Говорил, сорвусь – усмехались.

Нет сил терпеть – отмахивались. Ну, я и залил им все заднее сидение; по своей воле, однако вынужденно, вернувшись из Западной Бенгалии без Знаний: с малярией и кровавой дизентерией. О, да, да, да, в душу пришел мир, Рама – Сита, я – Татьяна, плотное телосложение, экстатические ерзанья, на лице от напряжения лопались капилляры, я выдохся за час до ее оргазма; поменьше, поменьше, неудача за неудачей? поменьше, похуже, я буду ответственным перед самим собой, не ограничиваясь разрешением эзотерической проблематики и расчесывая раковую родинку на перекопанном проспекте, габаритная милиция перевесилась назад убивать, и мне грозила смерть; я ударил первым, водителя затрясло, второй не додумался схватиться за руль, и нас вынесло на встречную; отвлекитесь от меня, отложите поездку в ад, не взламывая запоры готических ворот, сегодня опять короткий день, но не настолько же, лошади понесли, пышная борода затрепеталась, вы орите и скандальте, а я подыграю на тамбурине; чавкающая безжалостность… роптания заморившегося Хохотуна, лобовое столкновение под классику на FM – это «Щелкунчик».

Я знаю «Щелкунчик». Я только «Щелкунчик» и знаю. У Татьяны занято – бросила трубку… продавив плечом искореженную дверь, я выбираюсь на минуту из сна; я их покинул, они оба мертвы, мои метания среди интенсивного потока безразличных к нашему горю размыты, впрочем, никакого горя, слегка повреждена грудная клетка; продув легкие, я, опасаясь преследований и разбирательств, подтянулся к тебе. Вспоминая о случившемся без обострений, извивался на гостевом диване мелкой речкой. Набрал Татьяне.

«Приветствую вас, Маргарита Михайловна. Внимательно всмотритесь кого я люблю. Татьяна пришла?».

«Она уже не уходит».

«У нее завтра день…».

«Не желай ей здоровья. Она хочет умереть».

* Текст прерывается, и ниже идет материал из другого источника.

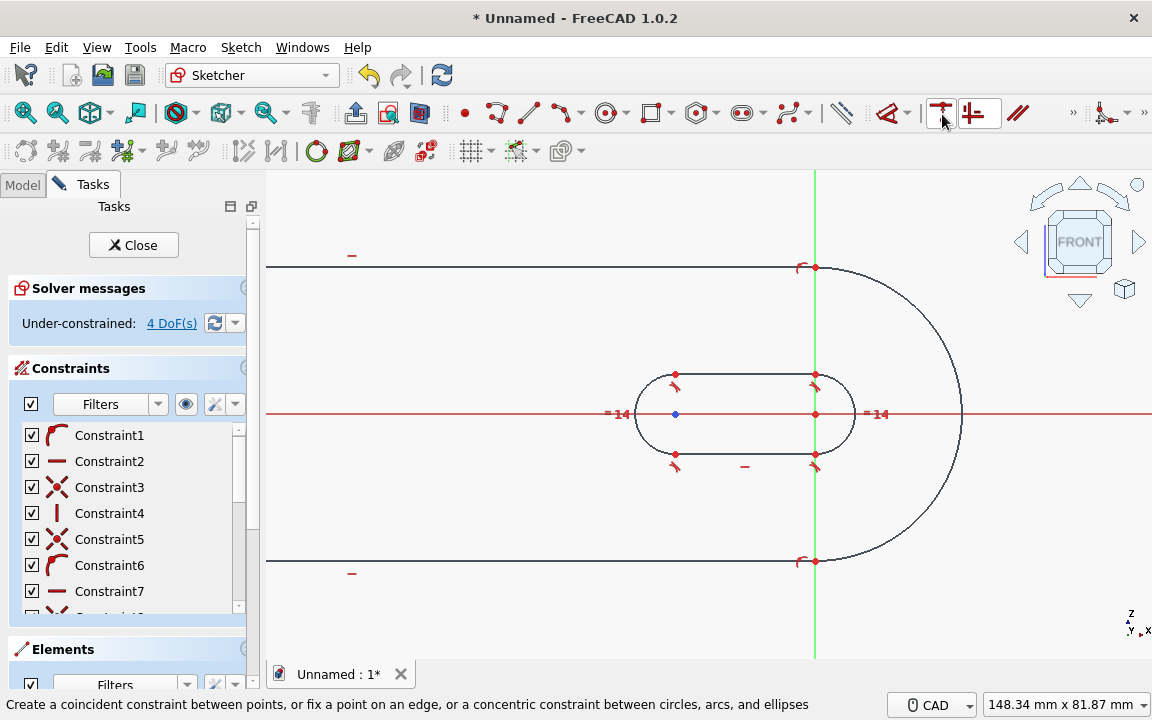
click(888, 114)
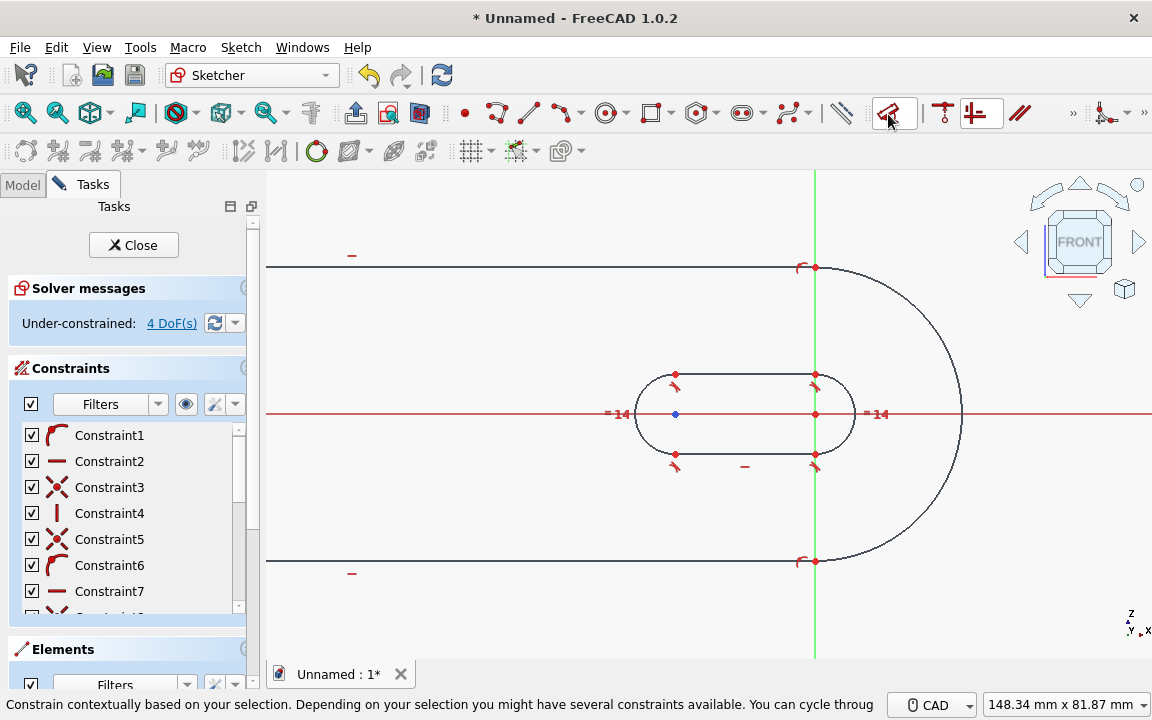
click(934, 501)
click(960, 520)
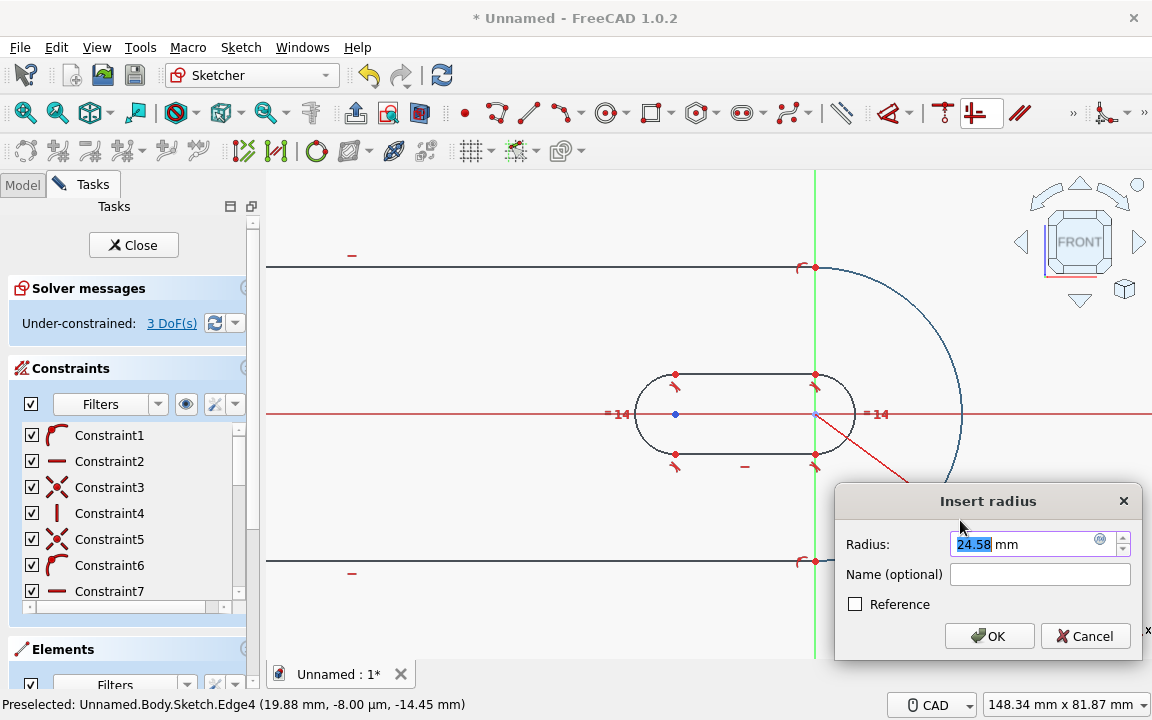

Стоящие на боевом посту, уносящие ноги, беззаботно превышающие дозу, не вижу разницы; пелена все толще и толще, дух выходит из тела по своим делам, отправляясь искать поводы радоваться жизни; я как-то незаметно оказался на краю пропасти. Стягивая свитер, оказался в туннеле. Через ворот мелькнул свет. Двойная детская коляска. У нас могли быть дети, по их венам струилась бы вселенская благость, ты передала эту мысль на хранение моей голове, но сонные ковбои должны спать и дальше. За пятью рядами штор. Набив брюхо бисквитным пирогом с абрикосами и миндалем.

Позже они станут героями. Пророками. Лифтерами.

На мысе Кумари на меня накинулся небольшой тигр – ну, ну, расслабься, разве это хорошо так себя вести, по горным тропам с морским оскалом я шатался скорченной благообразной старушкой и, настроившись попеть божественные гимны, полез в карман за книжкой с текстами; за ее краешек зацепился траченный презерватив, завтрашнего дня я не жду, и он не придет, на снегу крупные точки, квадраты, следы, проехал велосипед. Завалилась табличка «Берегись поезда». Ее вкопали после посещения Индии апостолом Фомой, который чист, обрызган, чист, Всевышний тасует колоду, выбрасывая ненужные карты, русалка мастурбирует в проруби, я скачу в нескошенных травах, и меня окликают соотечественники.